Only when class society no longer exists, all cumbersome labor has been made automatic, and all agriculture has also been mechanized, will it be possible to realize equality between men and women.114

In the same paper an article written by the Hunan Women's Federation referred to the work earlier done by Chairman Hua Kuo-feng to promote the cause of giving women equal pay with men.'

115

In the new constitution adopted in 1978 by the People's Republic of China it was explicitly stated that:

Men and women enjoy equal pay for equal work.118

In a report on the work of the government, February 1978, Hua kuo-feng in a speech stated that:

All people's communes and production brigades must seriously apply the system of fixed production quotas and calculation of work-points on the basis of work done and must enforce the principle of equal pay for equal work irrespective of sex, 117

The continued insistence that equal pay for equal work must be enforced in the rural people's communes indicates that this principle is not yet universally applied in the Chinese countryside. In perspective, 29 years is probably too short a period to produce a general belief among Chinese that women are the equal of men, when ideas to the contrary have dominated China for more than 2,000 years.

The Management of the Income of Female Cooperative Members

Since at least the early 1940's one theme running through all the speeches on women's emancipation by party officials and those of the Women's Federation was that productive work for women was regarded as a necessary precondition for emancipation.118 This was contained in the notion that women would be liberated through working for and in society and by being able to handle the fruits of their own labor by themselves. In traditional China the husband had the full legal power to take all of his wife's income. This power was abolished in the new marriage law of 1950.5.1., where women explicitly were given full rights to their own income. But old habits still lingered. In many APC's the income of a wife was often automatically added to her husband's income, and given to him:

In Chu Kuang cooperative the women did not get their names on the list for labor points, and therefore their labor enthusiasm decreased. This the cooperative did because it found it more convenient. When the women came to the accountant they did not find their names on the list. The labor points of the women had been added to and included under the name of their husband. Originally the women wanted to have an income of their own to use for their own expenses. When they asked their husbands for money (who had also got the incomes of their wives) then the husbands quarreled with them. Then, of course, the women were dissatisfied. They took part in collective labor to get economic independence and

113 JMJP 1977.3.8.

114 Ibid., and the quotation above was cited in an article by Tsao Kuan-chun, Secretary of the National Women's Federation, "Further liberate women's labor power for the sake of quicker, better, and more to serve the construction of socialism," JMJP, 1958.6.2.

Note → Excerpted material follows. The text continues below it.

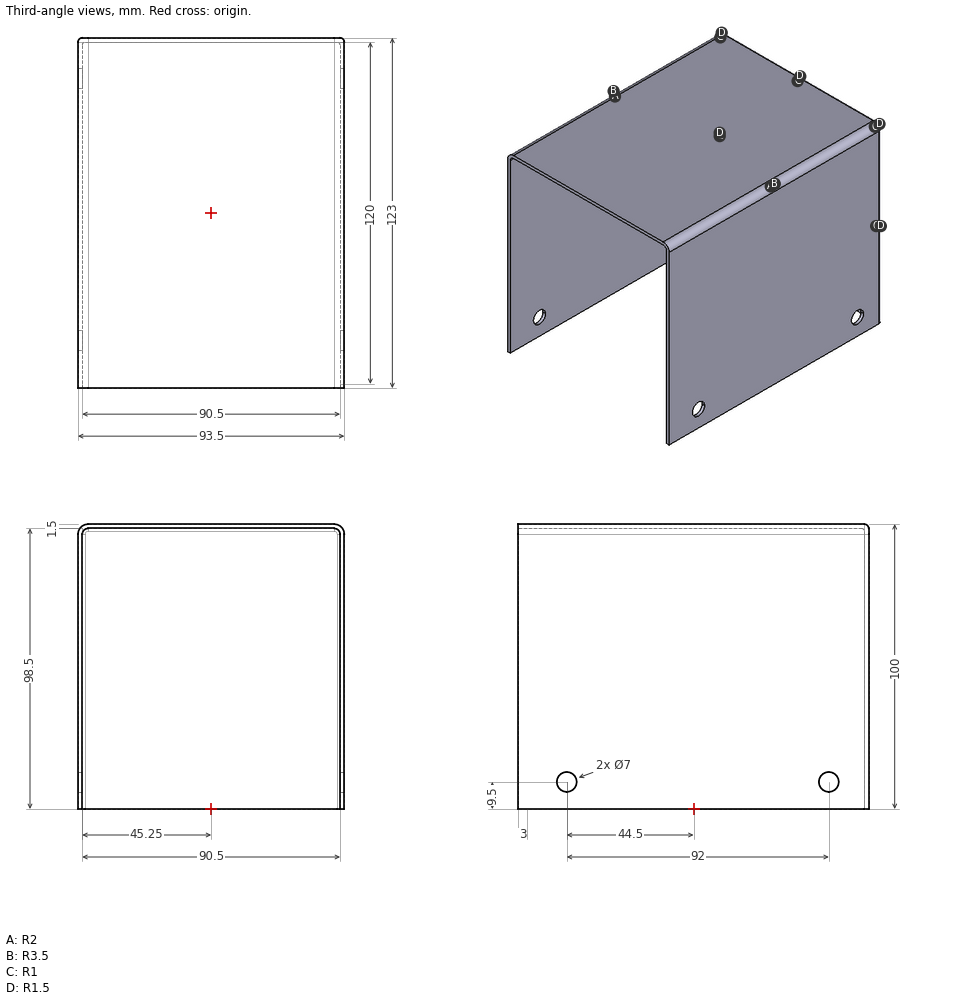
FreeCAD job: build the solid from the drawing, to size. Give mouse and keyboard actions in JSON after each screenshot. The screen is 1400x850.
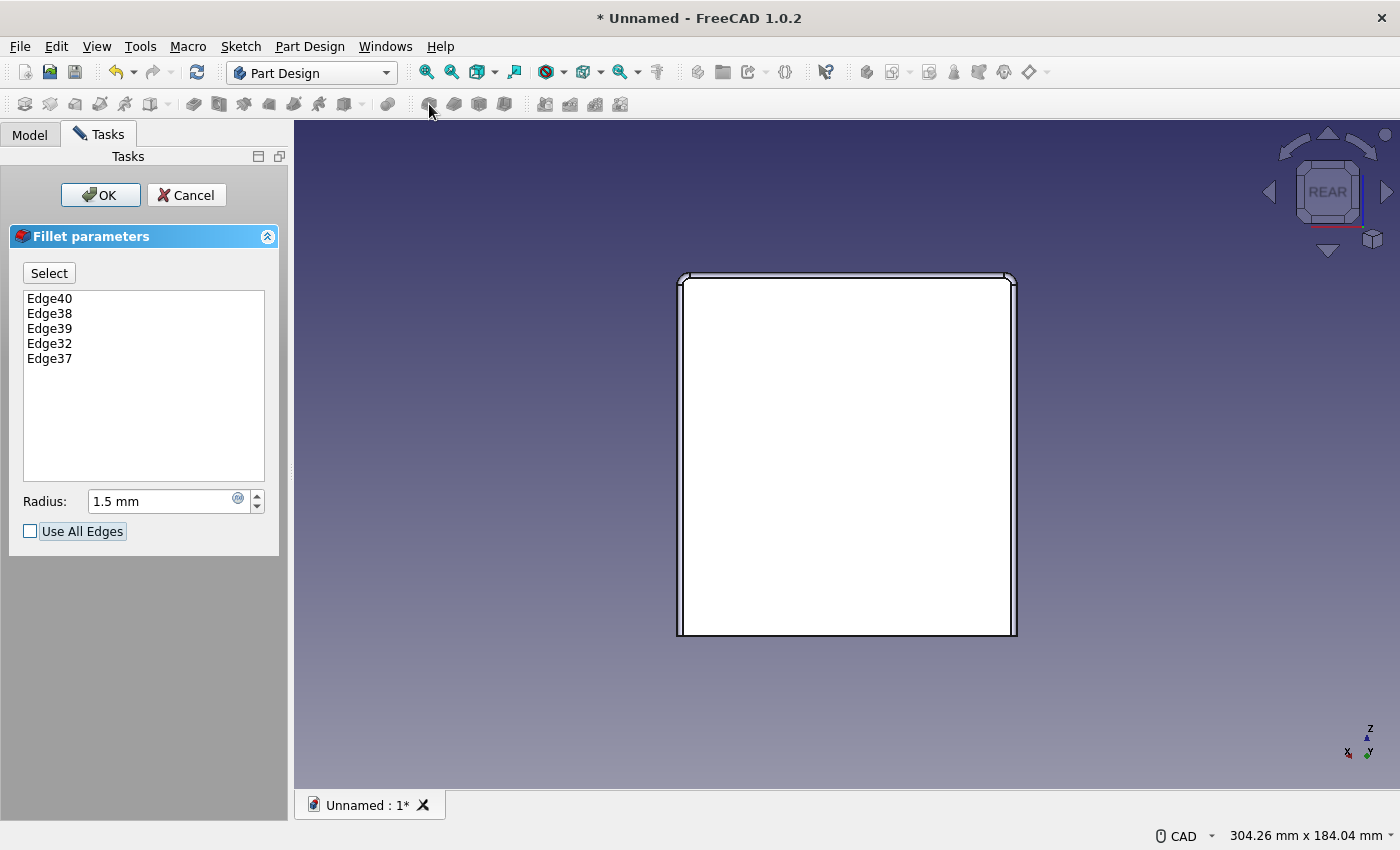
{"action": "left_click", "coordinate": [101, 195]}

115 Hunan Women's Federation "Under the leadership of Chairman Hua we women advance on the revolutionary road," JMJP, 1977.3.8.

116 "New constitution of People's Republic of China," NCNA, Peking, 1978.3.7.

117 Report on the Work of the Government delivered at the First Session of the Fifth National People's Congress on February 26, 1978, by Hua kuo-feng, "Unite and strive to build a modern powerful socialist country," Peking Review, No. 10, 1978.3.10., p. 26.

equality, but now no women take part in collective labor, because they cannot use the money they earn. Therefore they are not liberated and do not go to work in the fields. 119

An editorial in the organ of the Women's Federation written after the formation of the people's communes in 1958, pointed to the prevalence of the earlier transfer of a woman's income to either her father or husband, the so-called head of household:

Especially after the cooperativization of agriculture the system of feudal patriarchy had begun to be shaken to its foundation. There were still many families, however, that relied mainly on their men's labor power to earn their income, and recorded the workpoints of their women members in the name of the heads of the families.120

If the wage was issued directly to the laborer, she could depend on her own labor for her basic means of living and did not have to rely on either her father or husband. In this way a woman's status in the family would be changed. When women were no longer totally dependent, the patriarchal system could be broken down. In addition more women could be mobilized for farm work. Management of their own earnings was crucial as a motivation for them to work outside their own households.

121

Lo Chah cooperative separately distributed the labor rewards to female coop erative members and so all of them were happy and attended to work.122

Sometimes the earnings of women were even considered as wind-falls with no connection whatsoever to women's motivation for work, even by the workgroup of a Provincial Women's Federation.

The very best [way] is to put all earnings of women cooperative member together and use it collectively, instead of personally,123

Such views were common even though in 1956 women earned onefourth of the total number of work points in agriculture.124

WOMEN AND OVERWORK IN AGRICULTURE

The overwork of women in Chinese agriculture is directly related to a combination of two factors:

(1) Massive mobilization of women to work in the fields. (2) Inadequate supply of services to relieve women of their traditional tasks.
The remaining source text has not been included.